The surface of the mucosa is honeycombed with over 35,000 gastric glands and is folded into numerous ridges that almost disappear when the stomach is distended with food. The muscular action of the stomach and the digestive action of the gastric juice convert food in the stomach into a semi liquid state (chyme).
The stomach comprises complex interconnections of neurons formed into intrinsic nerve plexuses, including the submucosal, subserous, or myenteric plexuses.
The stomach is believed to be independent of the central nervous system.
Intestine
Muscular hose like portion of the gastrointestinal tract extending from the
lower end of the stomach (pylorus) to the anal opening. In humans this fairly
narrow (about 1 in./2.5 cm) tube like structure winds compactly back and forth
within the abdominal cavity for about 23 ft (7 m),
and is known as the small
intestine.
It is not only an organ of digestion (for that part of the process
not completed by the stomach)
but is the chief organ of absorption.
By contraction of its muscular walls (peristalsis) the food mass is propelled onward and, as it is carried along, it is subject to the digestive action of the secretions of the intestinal lining as well as to that of bile and pancreatic juice which enter the upper intestine (duodenum) from ducts leading from the liver and pancreas.
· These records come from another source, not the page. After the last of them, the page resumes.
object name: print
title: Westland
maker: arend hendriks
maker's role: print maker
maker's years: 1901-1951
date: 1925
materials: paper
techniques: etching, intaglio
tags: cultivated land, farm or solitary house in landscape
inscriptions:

Innumerable minute projections (villi) in the intestinal mucous lining absorb the altered food for distribution by the blood and lymphatic systems to the rest of the body.
Food continues to pass into the middle (jejunum) and end (ileum) of the small intestines.
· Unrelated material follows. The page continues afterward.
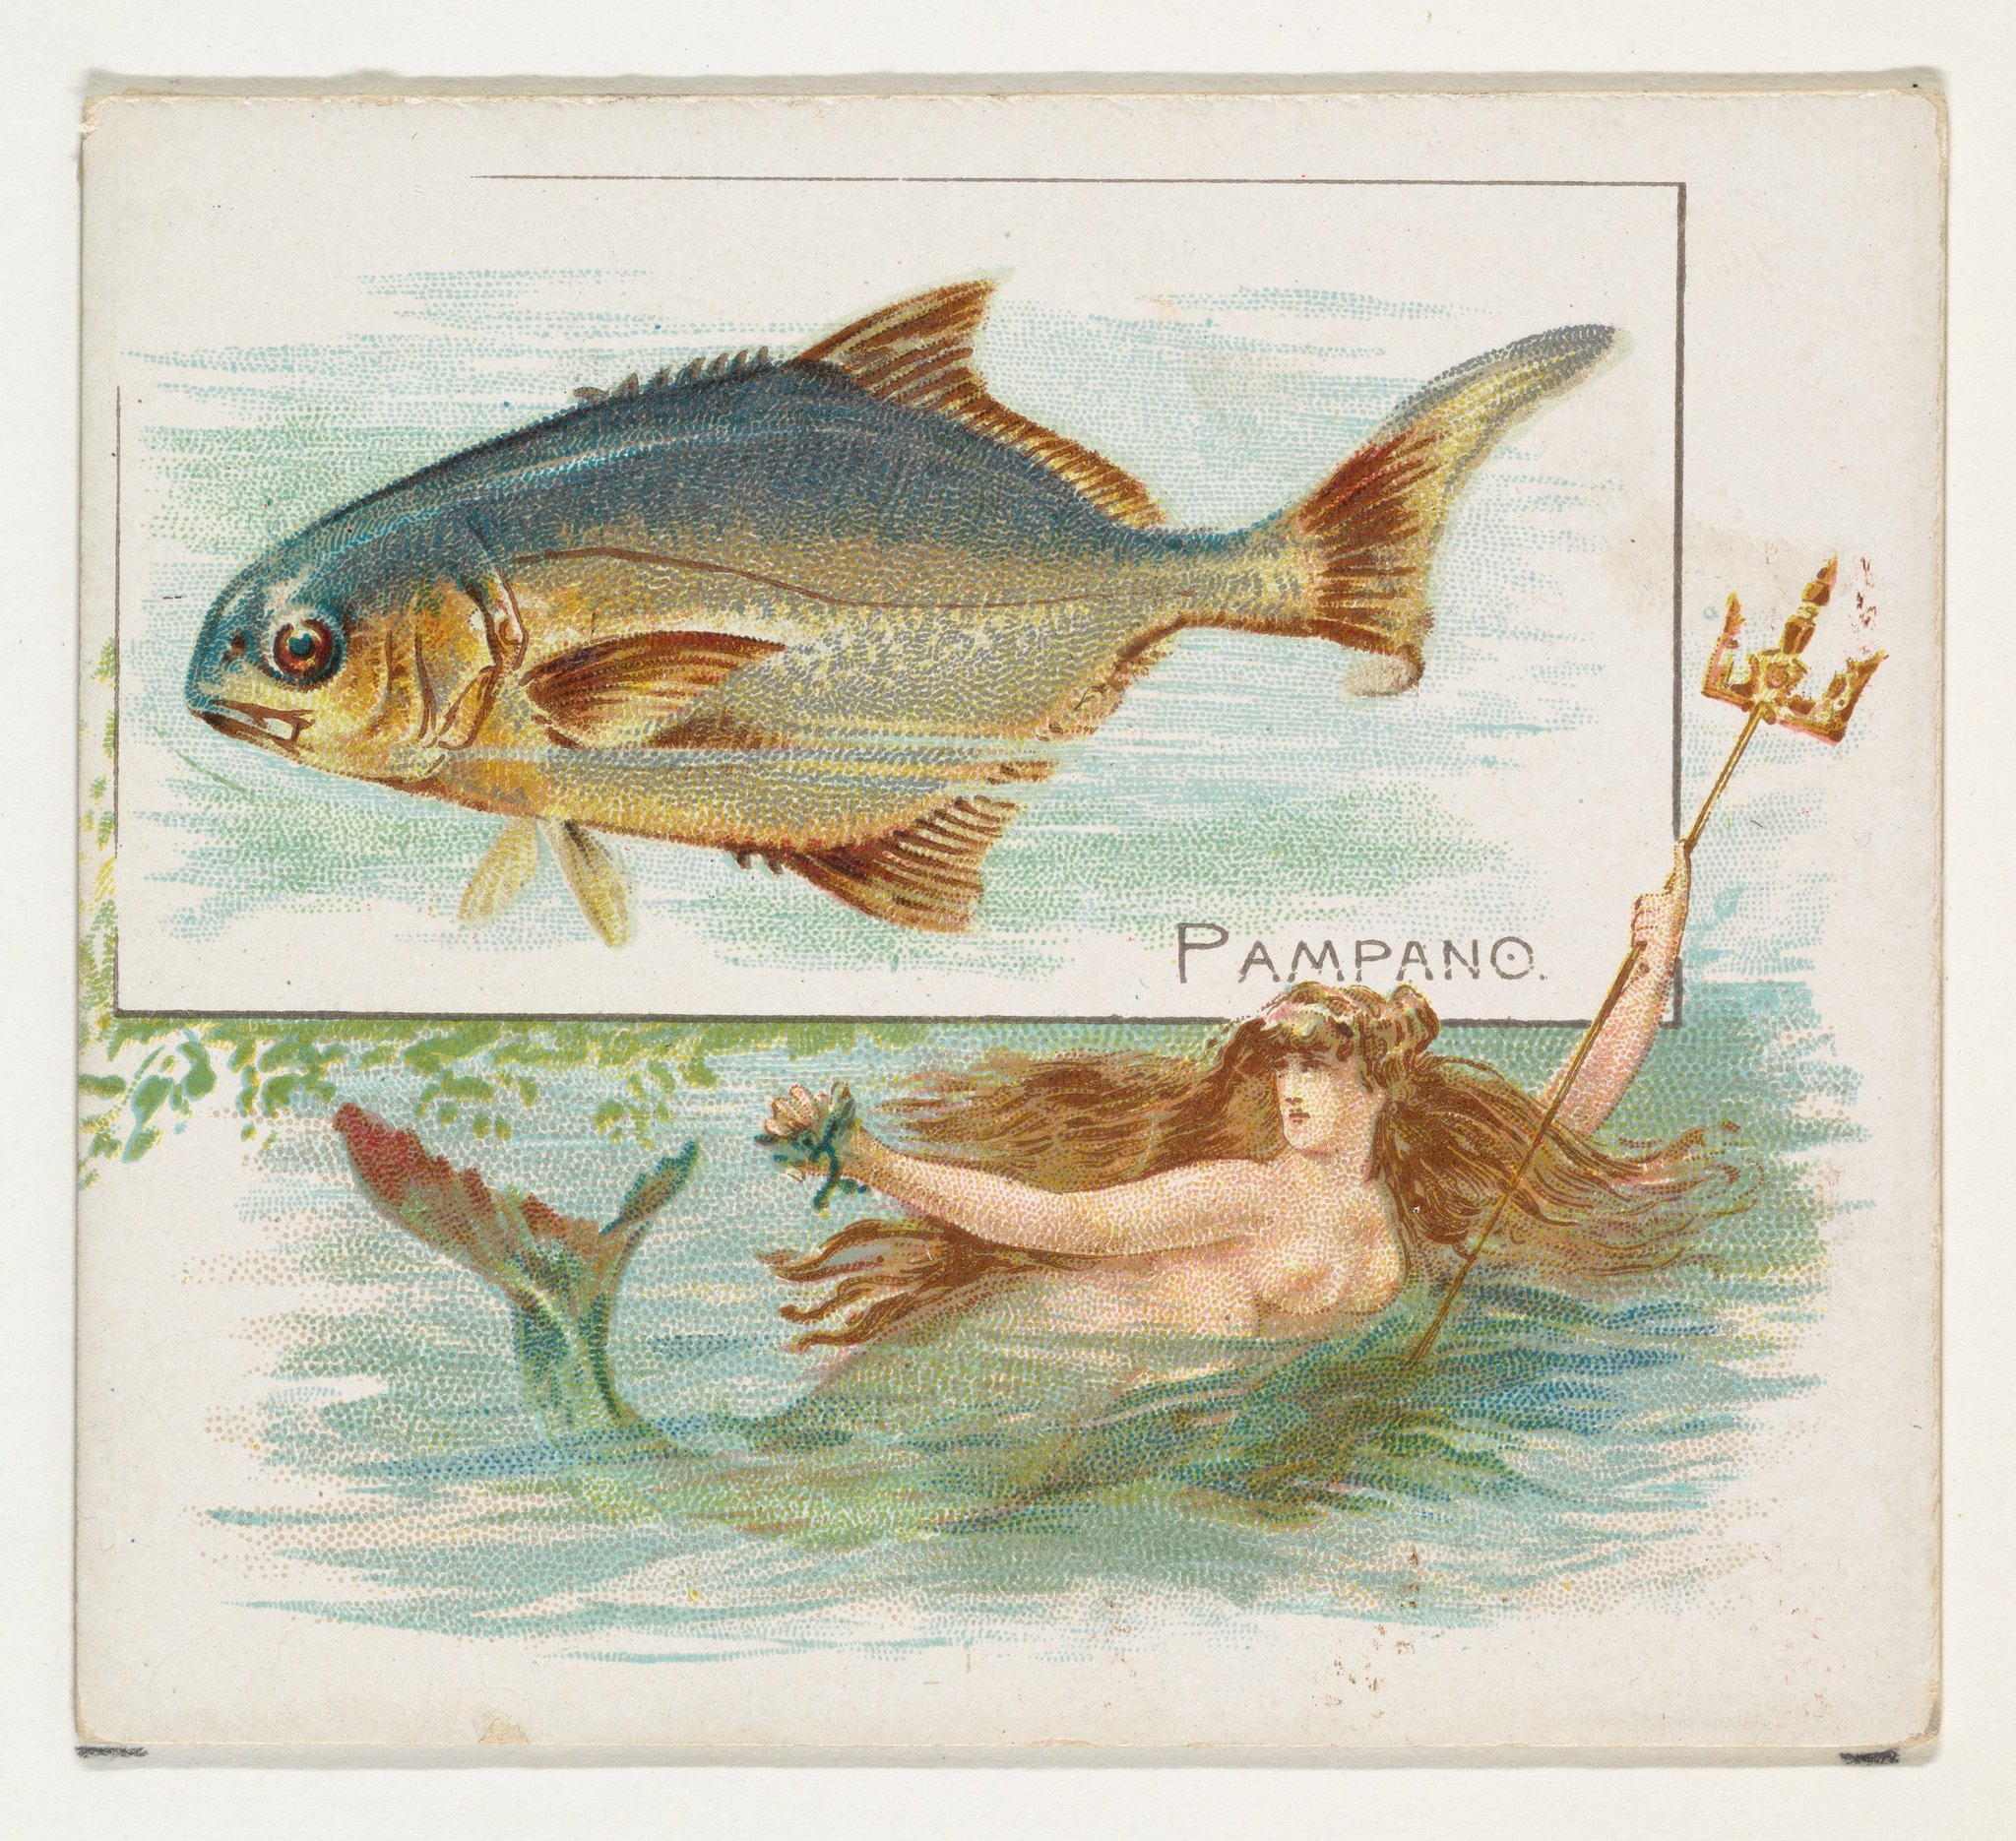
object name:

The small intestine joins the large intestine (colon) at the cecum in the right lower abdominal cavity. Here, also, is the appendix, a blind pouch projecting from the cecum.
The large intestine is wider in diameter. Its direction as it leaves the cecum is upward (ascending colon), across the abdominal cavity (transverse colon) beneath the stomach, and then downward (descending colon) on the left side of the abdominal cavity, making a sharp turn in the left lower portion (sigmoid) to merge with the rectum.
In all, the large intestine is about 5 ft (1.5 m) long. Bacteria, the indigestible residue of food, and mucus form the bulk of matter in the large intestine.
The water content of the bulk is absorbed through the walls of the large intestine, and the solid matter is excreted through the rectum.
Amylase
Enzymes having physiological, commercial, and historical significance, also called diastase. It is found in both plants and animals.
Amylase was purified (1835) from malt by Anselme Payen and Jean Persoz.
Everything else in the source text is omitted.